ANTI-POP CONSORTIUM
Arrhythmia
Record label: Warp (UK)
Format: 2xLP/CD
Release date: 1 April 2002

I honestly didn’t think it could get any better than Shopping Carts Crashing (damn shame that album only came out in Japan), but they’ve proved me wrong again. Arrhythmia is Anti-Pop at their most confident, adventurous with rhymes and beats equally. The production’s more rich and alive than before, bringing in extra hands for percussion and keys as well as vocals. Earl Blaize remains the man with the plan behind the boards, serving as mix engineer with hands firmly in the production. Remember when Prince Paul was sort of the unofficial fourth De La member? Well, in case y’all forgot about brother Blaize, his face graces the back of the CD. He’s also featured on the skit “Tron Man Speaks.”

And PLEASE don’t make me pick a favorite Anti-Pop MC: they’re all dope for different reasons. Beans will talk circles around your head, and his solo cuts just get better and better. “Silver Heat” is this album’s “Nude Paper” – with “Earl Blaize on the boogie,” he can’t lose. As always, High Priest is that deep cat. He’s responsible for my favorite line on the whole album: “I move crowds like Larry Levan.” (If you know who Larry Levan is, then you know why that line is the joint.) Or about these verbals from “Mega”? “My brains burst / spitting pure freon / on Celine Dion / scream on cats like Sam Kinison / innocent bystanders swarming / my thoughts forming / and dormant MCs wanna live again.” Though I must admit there’s a part of me that will always show favor towards M. Sayyid.
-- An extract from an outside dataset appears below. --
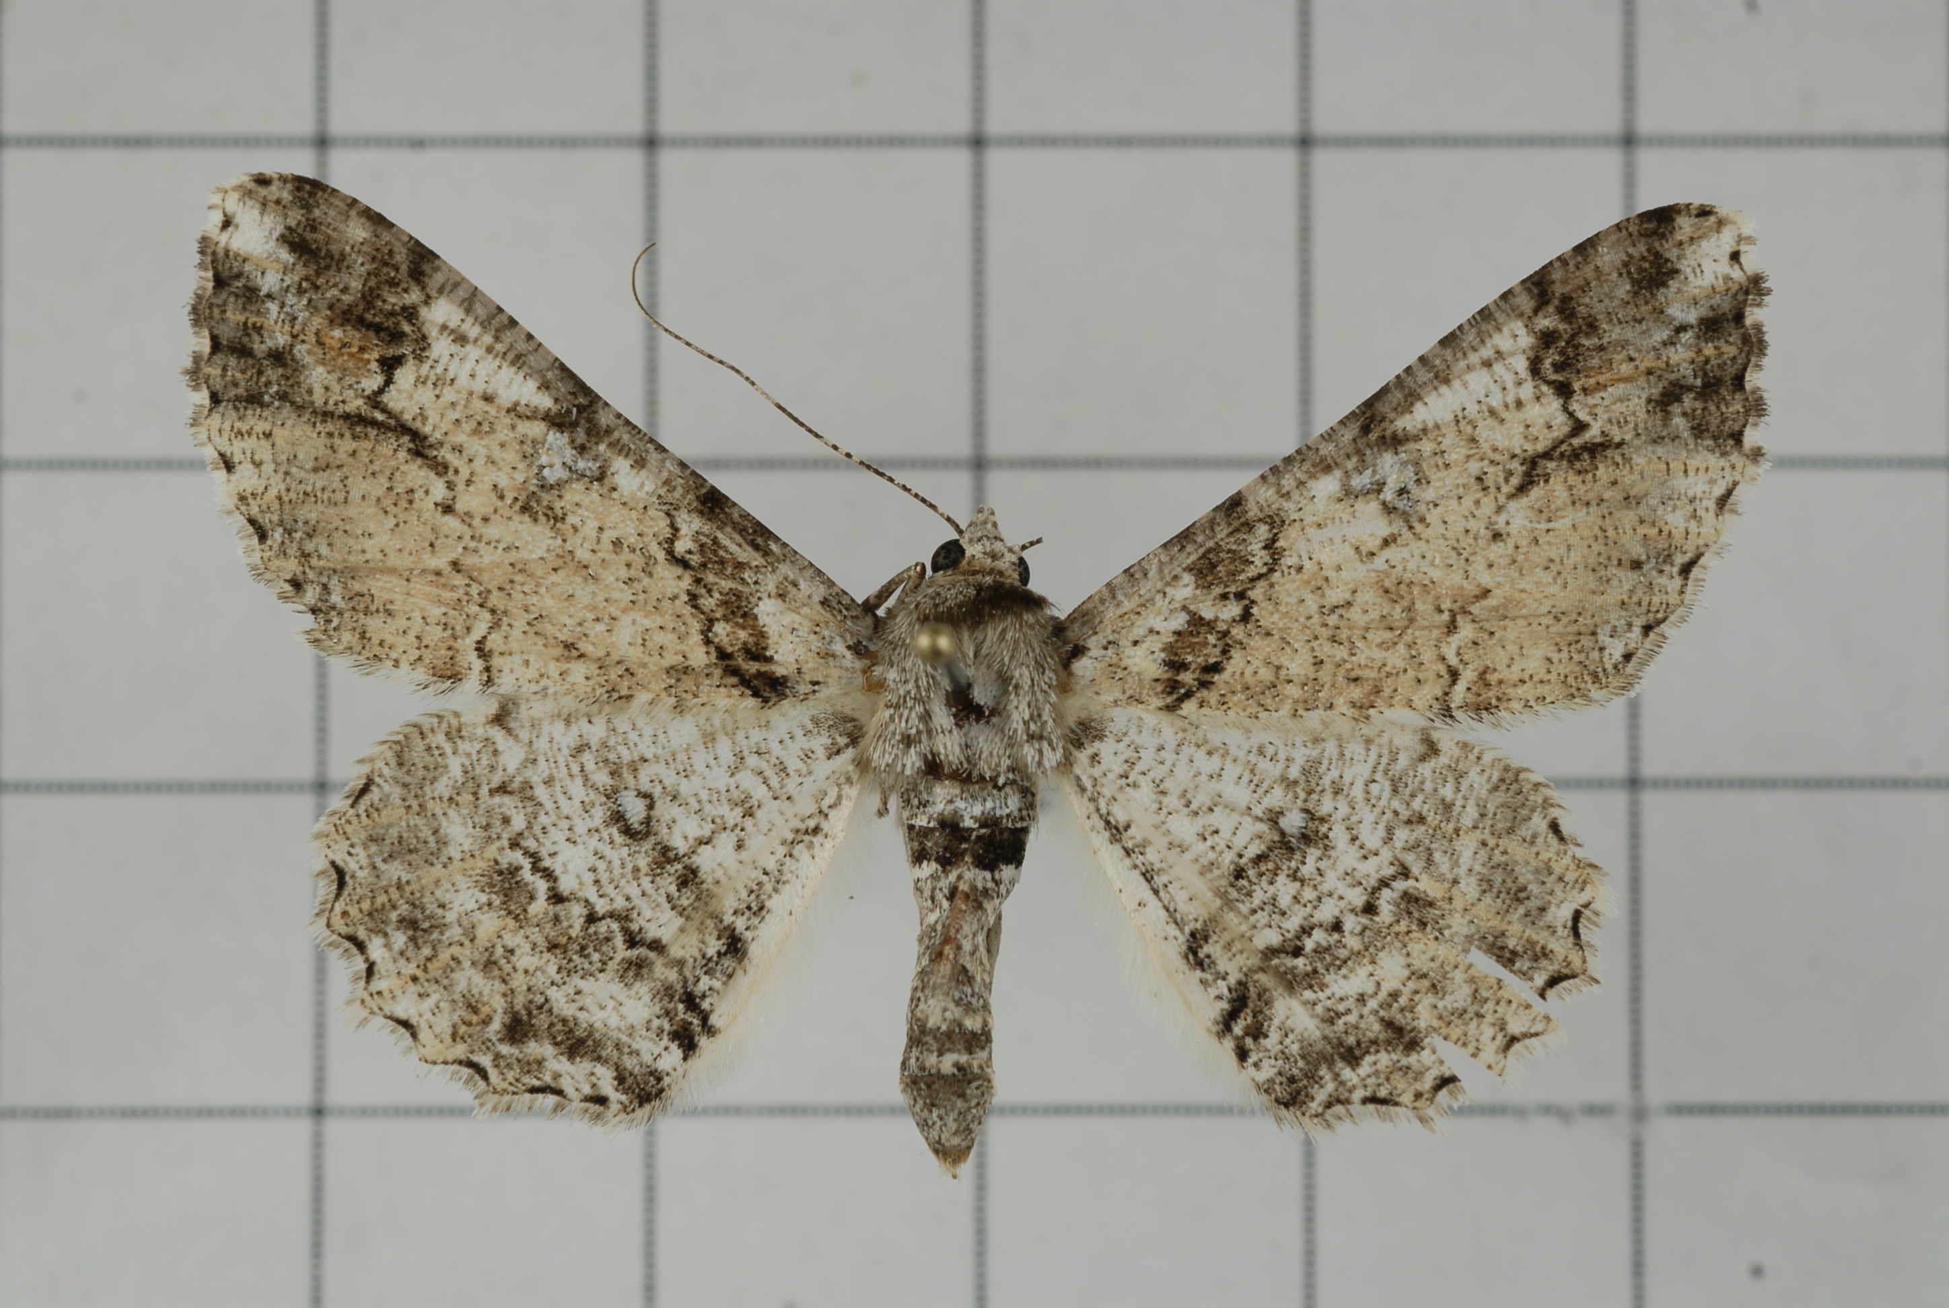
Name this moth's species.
Cleora fraterna

Be it rhymes or beats, brother’s just NASTY. Nobody freaks a street story like him. Check out “Z St.,” in the same vein as “$9.99” from Tragic Epilogue, this time involving the set-up of a coke dealer. Sayyid’s also behind some real creative production. “Ping Pong” forms the boom bap around a table tennis match, and “Mega” features this wild operatic break (props to sister Nedelka Prescod for holdin’ it down Leontyne Price style). He’s also responsible for “Focused,” a track that proves that APC haven’t lost their senses of humor.

All four members can produce their asses off, and they’re in tune with how the music should react to the lyrics. Nowhere is this more evident than on “Human Shield.” Priest says “pretend you’re deaf” and the music gets muted. Sayyid says “his head got stretched” and sounds get bended in pitch. Those are the signs of lyricists equally concerned with how the instrumentals react to their words. Arrhythmia is full of little surprises like that. It’s the kind of album that headphones were made for and that hip-hop will spend the rest of its life trying to catch up to.